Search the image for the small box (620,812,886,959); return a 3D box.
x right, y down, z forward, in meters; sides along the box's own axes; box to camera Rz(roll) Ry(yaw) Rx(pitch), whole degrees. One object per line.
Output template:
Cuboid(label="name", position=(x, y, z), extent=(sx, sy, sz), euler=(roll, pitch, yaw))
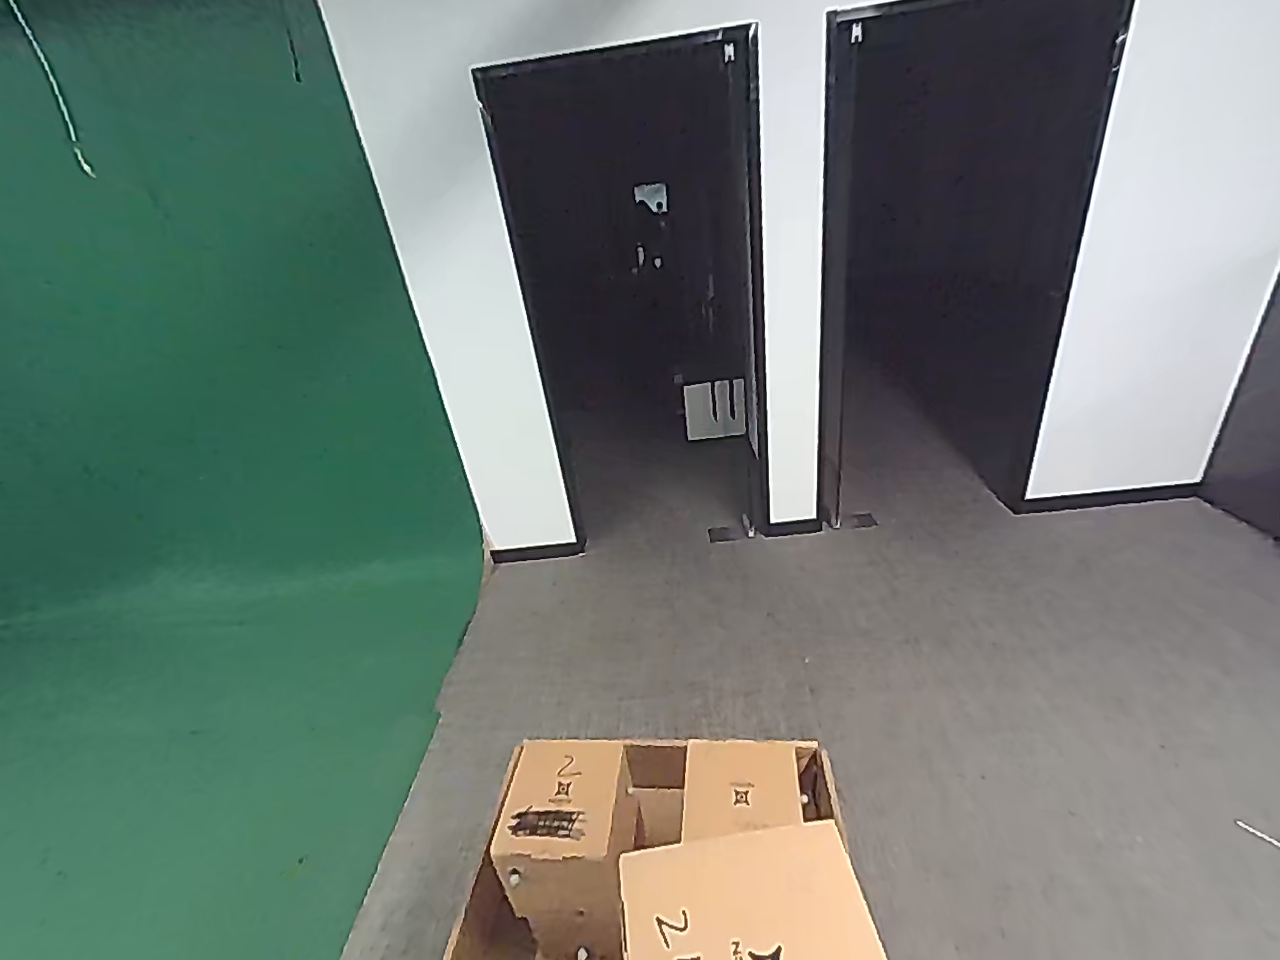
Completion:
Cuboid(label="small box", position=(0.085, 0.387, 0.408), extent=(0.179, 0.176, 0.168), euler=(-9, 33, -1))

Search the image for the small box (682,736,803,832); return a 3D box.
Cuboid(label="small box", position=(0.158, 0.516, 0.808), extent=(0.168, 0.176, 0.179), euler=(-4, 29, 12))
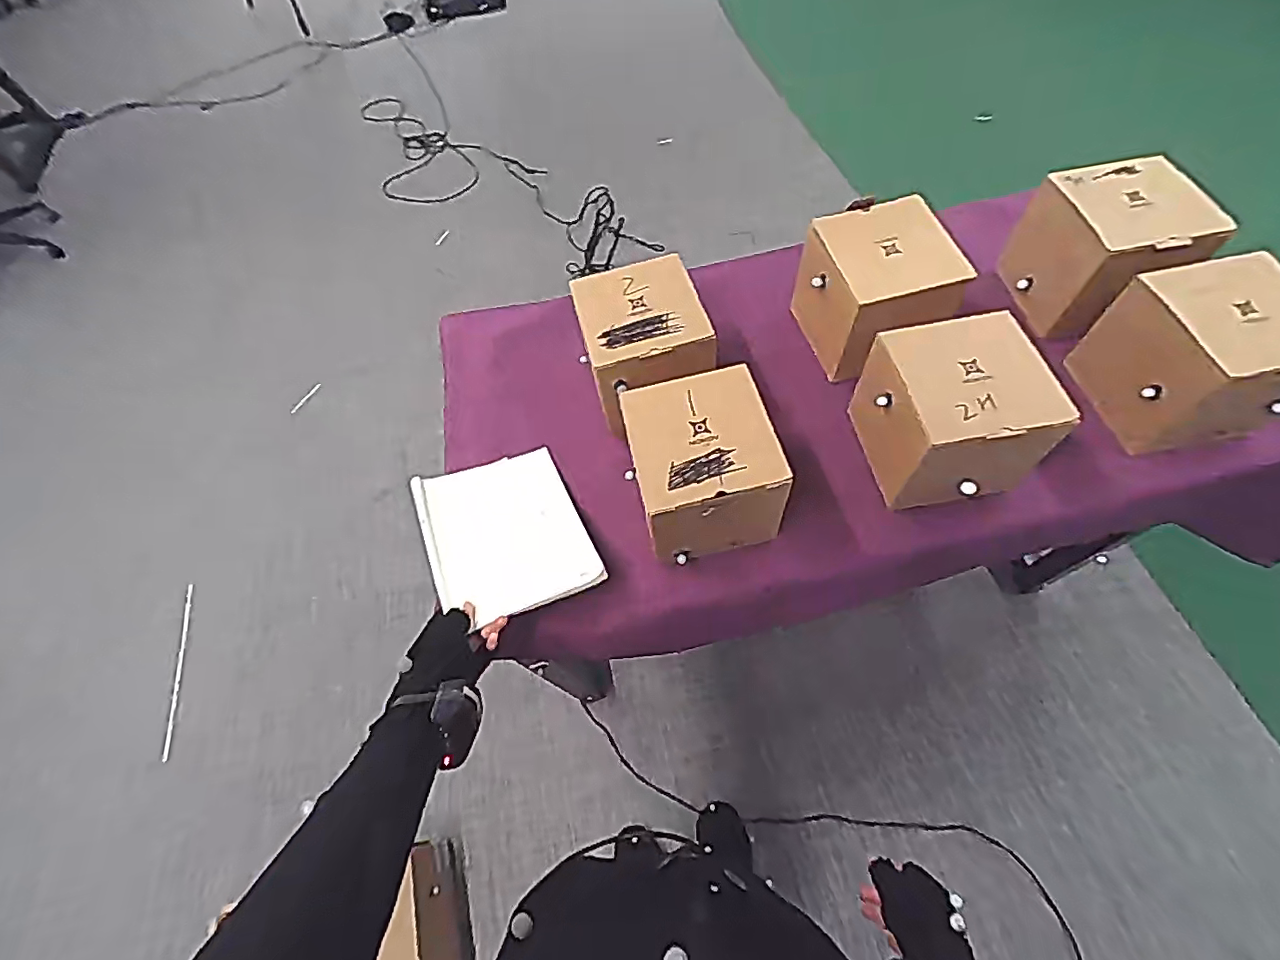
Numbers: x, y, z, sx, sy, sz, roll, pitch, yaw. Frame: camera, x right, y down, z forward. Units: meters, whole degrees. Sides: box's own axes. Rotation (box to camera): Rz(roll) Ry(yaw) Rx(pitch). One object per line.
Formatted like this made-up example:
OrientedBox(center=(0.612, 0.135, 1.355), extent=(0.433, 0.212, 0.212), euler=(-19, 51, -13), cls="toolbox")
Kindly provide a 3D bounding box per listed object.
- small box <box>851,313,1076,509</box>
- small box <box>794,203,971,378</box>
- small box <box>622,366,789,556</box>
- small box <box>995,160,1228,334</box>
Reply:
OrientedBox(center=(0.396, -0.084, 0.704), extent=(0.168, 0.176, 0.179), euler=(-10, 60, 1), cls="small box")
OrientedBox(center=(0.350, -0.276, 0.820), extent=(0.168, 0.176, 0.179), euler=(-15, 60, -2), cls="small box")
OrientedBox(center=(0.080, -0.014, 0.700), extent=(0.168, 0.176, 0.179), euler=(-12, 60, 0), cls="small box")
OrientedBox(center=(0.684, -0.338, 0.814), extent=(0.168, 0.176, 0.179), euler=(-8, 61, 1), cls="small box")
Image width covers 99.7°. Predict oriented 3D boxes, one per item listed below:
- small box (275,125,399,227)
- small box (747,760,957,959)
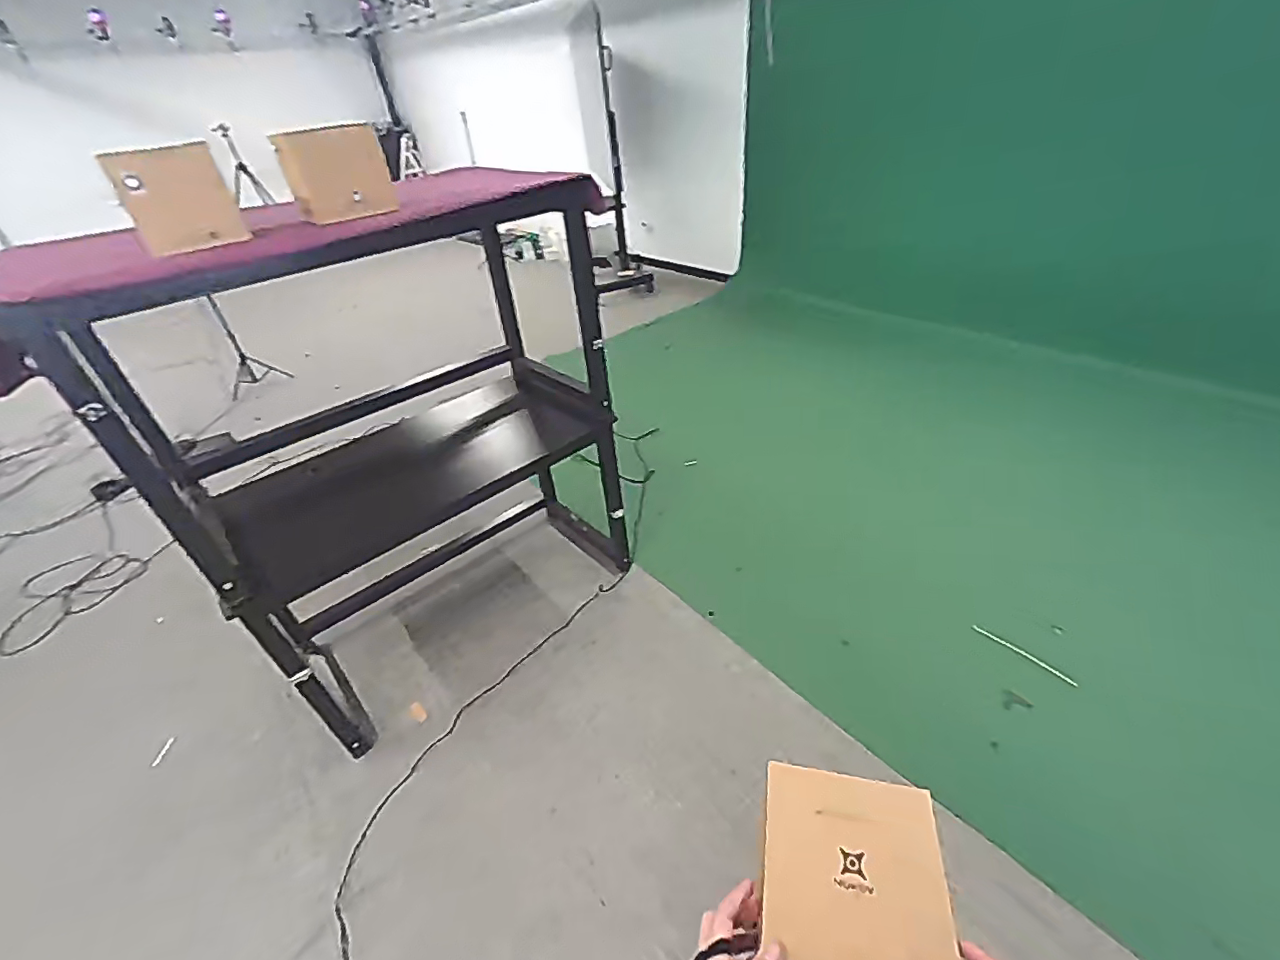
[{"bbox_3d":[-0.650,-0.665,1.179,0.179,0.176,0.168,-30,41,-30],"label":"small box"},{"bbox_3d":[0.201,0.426,0.553,0.168,0.176,0.179,5,38,12],"label":"small box"}]

#### Task:
Your answer should be the lines above, from the line containing "- small box <box>851,313,1076,509</box>" up to and including the line containing "- small box <box>995,160,1228,334</box>", reproduced exactly and with nothing else.

#### Answer to this exercise:
- small box <box>851,313,1076,509</box>
- small box <box>794,203,971,378</box>
- small box <box>622,366,789,556</box>
- small box <box>995,160,1228,334</box>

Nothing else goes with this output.